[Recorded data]
□ □ □
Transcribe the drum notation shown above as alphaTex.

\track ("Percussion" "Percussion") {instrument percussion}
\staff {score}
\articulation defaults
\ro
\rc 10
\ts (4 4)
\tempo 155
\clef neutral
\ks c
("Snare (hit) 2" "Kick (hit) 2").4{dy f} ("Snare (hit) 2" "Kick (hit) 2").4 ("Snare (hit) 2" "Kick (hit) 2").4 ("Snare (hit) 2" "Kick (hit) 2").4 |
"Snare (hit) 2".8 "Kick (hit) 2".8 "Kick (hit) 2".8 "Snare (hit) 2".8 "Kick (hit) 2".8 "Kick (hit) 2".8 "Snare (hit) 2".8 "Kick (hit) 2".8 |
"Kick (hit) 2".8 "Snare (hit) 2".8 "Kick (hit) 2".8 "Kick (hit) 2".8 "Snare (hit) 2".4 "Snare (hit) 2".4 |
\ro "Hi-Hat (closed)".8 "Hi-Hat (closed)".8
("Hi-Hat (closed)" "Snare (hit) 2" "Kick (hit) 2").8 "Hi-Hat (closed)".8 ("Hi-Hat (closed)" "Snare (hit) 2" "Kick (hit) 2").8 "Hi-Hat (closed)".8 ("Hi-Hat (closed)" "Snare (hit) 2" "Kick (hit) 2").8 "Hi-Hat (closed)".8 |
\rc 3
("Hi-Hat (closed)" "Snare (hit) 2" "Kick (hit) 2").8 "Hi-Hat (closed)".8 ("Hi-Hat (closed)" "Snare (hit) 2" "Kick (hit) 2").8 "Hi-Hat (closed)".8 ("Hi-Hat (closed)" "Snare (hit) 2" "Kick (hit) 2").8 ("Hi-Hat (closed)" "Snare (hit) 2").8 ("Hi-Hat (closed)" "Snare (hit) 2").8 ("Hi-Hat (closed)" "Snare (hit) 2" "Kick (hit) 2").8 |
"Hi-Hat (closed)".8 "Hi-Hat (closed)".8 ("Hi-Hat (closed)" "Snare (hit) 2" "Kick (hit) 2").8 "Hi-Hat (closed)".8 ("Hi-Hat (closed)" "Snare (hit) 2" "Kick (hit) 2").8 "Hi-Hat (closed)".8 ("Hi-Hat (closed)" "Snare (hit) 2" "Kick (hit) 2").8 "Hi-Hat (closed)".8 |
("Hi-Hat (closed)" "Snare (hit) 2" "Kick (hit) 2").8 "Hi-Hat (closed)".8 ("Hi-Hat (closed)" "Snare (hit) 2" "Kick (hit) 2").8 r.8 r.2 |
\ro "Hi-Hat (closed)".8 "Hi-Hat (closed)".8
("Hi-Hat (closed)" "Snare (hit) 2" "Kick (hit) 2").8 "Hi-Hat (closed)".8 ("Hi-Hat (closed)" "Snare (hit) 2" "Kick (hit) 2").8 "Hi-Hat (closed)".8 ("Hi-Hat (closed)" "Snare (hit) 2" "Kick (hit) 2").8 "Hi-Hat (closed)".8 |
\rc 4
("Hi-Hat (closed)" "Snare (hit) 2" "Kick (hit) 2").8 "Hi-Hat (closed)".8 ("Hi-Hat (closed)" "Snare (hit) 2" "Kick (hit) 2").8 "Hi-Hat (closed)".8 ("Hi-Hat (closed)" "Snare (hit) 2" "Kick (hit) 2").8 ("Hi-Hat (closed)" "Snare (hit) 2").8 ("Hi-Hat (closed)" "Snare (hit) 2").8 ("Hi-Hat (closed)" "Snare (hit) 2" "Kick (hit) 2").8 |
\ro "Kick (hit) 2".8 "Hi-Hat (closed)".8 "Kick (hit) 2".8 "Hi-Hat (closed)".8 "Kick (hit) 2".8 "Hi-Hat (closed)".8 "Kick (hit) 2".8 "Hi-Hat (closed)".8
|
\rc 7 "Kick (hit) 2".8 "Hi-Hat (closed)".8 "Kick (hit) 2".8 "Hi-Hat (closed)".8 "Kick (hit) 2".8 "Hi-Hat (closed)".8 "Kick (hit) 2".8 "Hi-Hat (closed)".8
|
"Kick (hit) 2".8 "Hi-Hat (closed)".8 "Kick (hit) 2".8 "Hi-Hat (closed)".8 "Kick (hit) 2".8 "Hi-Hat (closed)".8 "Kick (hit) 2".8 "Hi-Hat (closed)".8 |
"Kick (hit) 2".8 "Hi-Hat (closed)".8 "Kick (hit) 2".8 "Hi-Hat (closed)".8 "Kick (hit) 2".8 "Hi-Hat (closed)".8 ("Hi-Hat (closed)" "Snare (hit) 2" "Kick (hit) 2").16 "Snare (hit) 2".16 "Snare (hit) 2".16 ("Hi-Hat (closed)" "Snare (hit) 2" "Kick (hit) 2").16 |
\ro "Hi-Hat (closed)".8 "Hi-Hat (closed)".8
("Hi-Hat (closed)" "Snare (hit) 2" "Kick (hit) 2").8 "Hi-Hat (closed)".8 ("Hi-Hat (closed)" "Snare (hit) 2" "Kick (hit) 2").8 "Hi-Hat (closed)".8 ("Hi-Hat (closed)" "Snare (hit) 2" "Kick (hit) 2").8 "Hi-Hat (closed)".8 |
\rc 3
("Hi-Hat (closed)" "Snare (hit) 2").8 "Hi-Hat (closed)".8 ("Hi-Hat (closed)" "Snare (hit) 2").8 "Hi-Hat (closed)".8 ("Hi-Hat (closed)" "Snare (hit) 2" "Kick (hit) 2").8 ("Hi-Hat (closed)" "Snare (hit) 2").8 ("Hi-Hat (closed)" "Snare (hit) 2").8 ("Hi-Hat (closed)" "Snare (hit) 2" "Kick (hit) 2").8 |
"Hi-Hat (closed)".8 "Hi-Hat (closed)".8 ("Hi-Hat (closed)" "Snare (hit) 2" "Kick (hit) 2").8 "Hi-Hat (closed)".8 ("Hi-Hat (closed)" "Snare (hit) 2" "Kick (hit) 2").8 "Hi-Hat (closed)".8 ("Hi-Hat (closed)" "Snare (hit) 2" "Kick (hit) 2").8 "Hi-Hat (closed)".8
□ □ □
#### [TASK REQUIREMENTS]
An exact copy of every entry above is the expected answer.

#### [EXERCISE OUTPUT]
Transcribe the drum notation shown above as alphaTex.

\track ("Percussion" "Percussion") {instrument percussion}
\staff {score}
\articulation defaults
\ro
\rc 10
\ts (4 4)
\tempo 155
\clef neutral
\ks c
("Snare (hit) 2" "Kick (hit) 2").4{dy f} ("Snare (hit) 2" "Kick (hit) 2").4 ("Snare (hit) 2" "Kick (hit) 2").4 ("Snare (hit) 2" "Kick (hit) 2").4 |
"Snare (hit) 2".8 "Kick (hit) 2".8 "Kick (hit) 2".8 "Snare (hit) 2".8 "Kick (hit) 2".8 "Kick (hit) 2".8 "Snare (hit) 2".8 "Kick (hit) 2".8 |
"Kick (hit) 2".8 "Snare (hit) 2".8 "Kick (hit) 2".8 "Kick (hit) 2".8 "Snare (hit) 2".4 "Snare (hit) 2".4 |
\ro "Hi-Hat (closed)".8 "Hi-Hat (closed)".8
("Hi-Hat (closed)" "Snare (hit) 2" "Kick (hit) 2").8 "Hi-Hat (closed)".8 ("Hi-Hat (closed)" "Snare (hit) 2" "Kick (hit) 2").8 "Hi-Hat (closed)".8 ("Hi-Hat (closed)" "Snare (hit) 2" "Kick (hit) 2").8 "Hi-Hat (closed)".8 |
\rc 3
("Hi-Hat (closed)" "Snare (hit) 2" "Kick (hit) 2").8 "Hi-Hat (closed)".8 ("Hi-Hat (closed)" "Snare (hit) 2" "Kick (hit) 2").8 "Hi-Hat (closed)".8 ("Hi-Hat (closed)" "Snare (hit) 2" "Kick (hit) 2").8 ("Hi-Hat (closed)" "Snare (hit) 2").8 ("Hi-Hat (closed)" "Snare (hit) 2").8 ("Hi-Hat (closed)" "Snare (hit) 2" "Kick (hit) 2").8 |
"Hi-Hat (closed)".8 "Hi-Hat (closed)".8 ("Hi-Hat (closed)" "Snare (hit) 2" "Kick (hit) 2").8 "Hi-Hat (closed)".8 ("Hi-Hat (closed)" "Snare (hit) 2" "Kick (hit) 2").8 "Hi-Hat (closed)".8 ("Hi-Hat (closed)" "Snare (hit) 2" "Kick (hit) 2").8 "Hi-Hat (closed)".8 |
("Hi-Hat (closed)" "Snare (hit) 2" "Kick (hit) 2").8 "Hi-Hat (closed)".8 ("Hi-Hat (closed)" "Snare (hit) 2" "Kick (hit) 2").8 r.8 r.2 |
\ro "Hi-Hat (closed)".8 "Hi-Hat (closed)".8
("Hi-Hat (closed)" "Snare (hit) 2" "Kick (hit) 2").8 "Hi-Hat (closed)".8 ("Hi-Hat (closed)" "Snare (hit) 2" "Kick (hit) 2").8 "Hi-Hat (closed)".8 ("Hi-Hat (closed)" "Snare (hit) 2" "Kick (hit) 2").8 "Hi-Hat (closed)".8 |
\rc 4
("Hi-Hat (closed)" "Snare (hit) 2" "Kick (hit) 2").8 "Hi-Hat (closed)".8 ("Hi-Hat (closed)" "Snare (hit) 2" "Kick (hit) 2").8 "Hi-Hat (closed)".8 ("Hi-Hat (closed)" "Snare (hit) 2" "Kick (hit) 2").8 ("Hi-Hat (closed)" "Snare (hit) 2").8 ("Hi-Hat (closed)" "Snare (hit) 2").8 ("Hi-Hat (closed)" "Snare (hit) 2" "Kick (hit) 2").8 |
\ro "Kick (hit) 2".8 "Hi-Hat (closed)".8 "Kick (hit) 2".8 "Hi-Hat (closed)".8 "Kick (hit) 2".8 "Hi-Hat (closed)".8 "Kick (hit) 2".8 "Hi-Hat (closed)".8
|
\rc 7 "Kick (hit) 2".8 "Hi-Hat (closed)".8 "Kick (hit) 2".8 "Hi-Hat (closed)".8 "Kick (hit) 2".8 "Hi-Hat (closed)".8 "Kick (hit) 2".8 "Hi-Hat (closed)".8
|
"Kick (hit) 2".8 "Hi-Hat (closed)".8 "Kick (hit) 2".8 "Hi-Hat (closed)".8 "Kick (hit) 2".8 "Hi-Hat (closed)".8 "Kick (hit) 2".8 "Hi-Hat (closed)".8 |
"Kick (hit) 2".8 "Hi-Hat (closed)".8 "Kick (hit) 2".8 "Hi-Hat (closed)".8 "Kick (hit) 2".8 "Hi-Hat (closed)".8 ("Hi-Hat (closed)" "Snare (hit) 2" "Kick (hit) 2").16 "Snare (hit) 2".16 "Snare (hit) 2".16 ("Hi-Hat (closed)" "Snare (hit) 2" "Kick (hit) 2").16 |
\ro "Hi-Hat (closed)".8 "Hi-Hat (closed)".8
("Hi-Hat (closed)" "Snare (hit) 2" "Kick (hit) 2").8 "Hi-Hat (closed)".8 ("Hi-Hat (closed)" "Snare (hit) 2" "Kick (hit) 2").8 "Hi-Hat (closed)".8 ("Hi-Hat (closed)" "Snare (hit) 2" "Kick (hit) 2").8 "Hi-Hat (closed)".8 |
\rc 3
("Hi-Hat (closed)" "Snare (hit) 2").8 "Hi-Hat (closed)".8 ("Hi-Hat (closed)" "Snare (hit) 2").8 "Hi-Hat (closed)".8 ("Hi-Hat (closed)" "Snare (hit) 2" "Kick (hit) 2").8 ("Hi-Hat (closed)" "Snare (hit) 2").8 ("Hi-Hat (closed)" "Snare (hit) 2").8 ("Hi-Hat (closed)" "Snare (hit) 2" "Kick (hit) 2").8 |
"Hi-Hat (closed)".8 "Hi-Hat (closed)".8 ("Hi-Hat (closed)" "Snare (hit) 2" "Kick (hit) 2").8 "Hi-Hat (closed)".8 ("Hi-Hat (closed)" "Snare (hit) 2" "Kick (hit) 2").8 "Hi-Hat (closed)".8 ("Hi-Hat (closed)" "Snare (hit) 2" "Kick (hit) 2").8 "Hi-Hat (closed)".8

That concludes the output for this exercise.